Akut toksisite çalışmalarında insanlarda kullanılan terapötik dozların oldukça üzerindeki dozlarda farmakolojik etkilere ve ölüme yol açmıştır. İnsanlarda kullanılan terapötik dozlar, oral yolla 0,7-1,0 mg/kg’dır. Farelerdeki LD50 değerleri (mg/kg) i.v. yolla 33, i.p. yolla 110, s.c. yolla 218, p.o. yolla 515; sıçanlarda i.p. yolla 100 ve p.o. yolla 1050’dir. Benzidaminin genel etkileri, fare, sıçan, tavşan ve kedilerde benzerdi; kas gevşemesi, sedasyon; daha yüksek dozlarda ataksi ve konvülsiyon şeklinde idi. Köpeklerde sedasyon oluşturdu; fakat kusma, yüksek dozaj çalışmasını önledi.

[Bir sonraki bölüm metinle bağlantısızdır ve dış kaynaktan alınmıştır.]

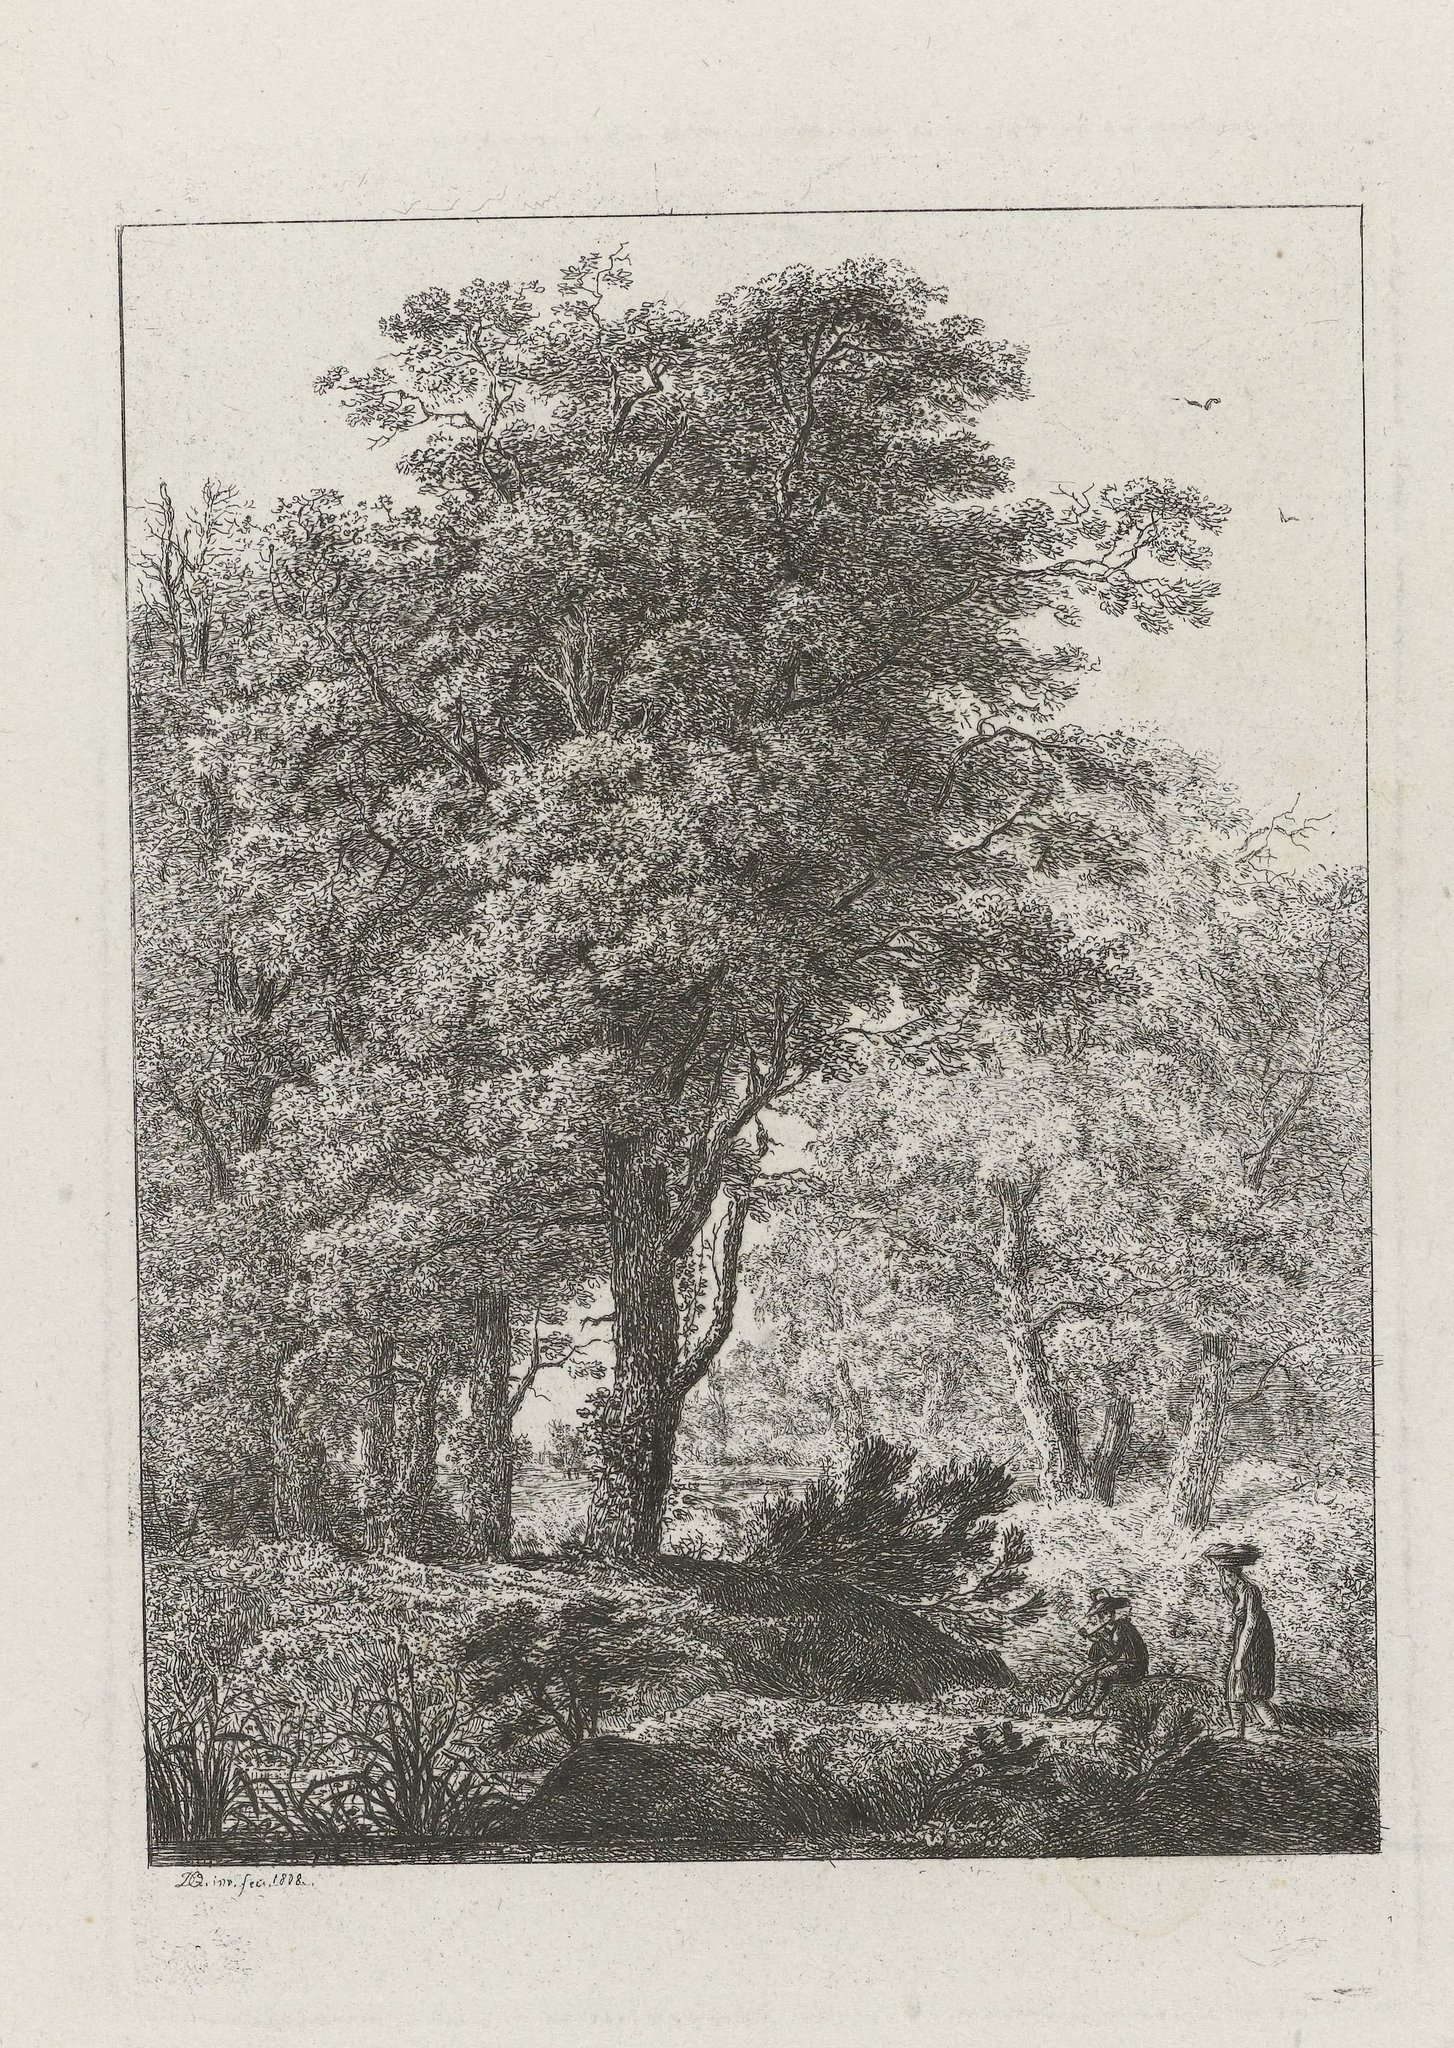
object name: print
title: Twee figuren in een bos
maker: johann velten
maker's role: print maker, publisher
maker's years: 1784-1864
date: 1808
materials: paper
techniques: etching
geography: karlsruhe
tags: forest, wood (+ landscape with figures, staffage)
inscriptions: collector's mark: Lugt 2228, collector's mark: Lugt 2760
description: Deze prent maakt deel uit van een serie van 24 prenten.
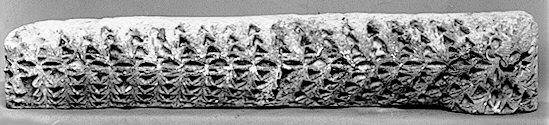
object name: fragment
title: Fragment from a Molding with Vines and an Amphora (Vase)
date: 501-600
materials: limestone
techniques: carving, relief
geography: egypt

Benzidamin, fare ve sıçanlarda yapılan kronik çalışmalarda yüksek dozlarda büyüme geriliği ve karaciğerde büyüme oluşturdu. Benzidamin, hematolojik parametreleri, karaciğer fonksiyonunu, üremeyi ve büyük organların histolojik yapısını değiştirmedi.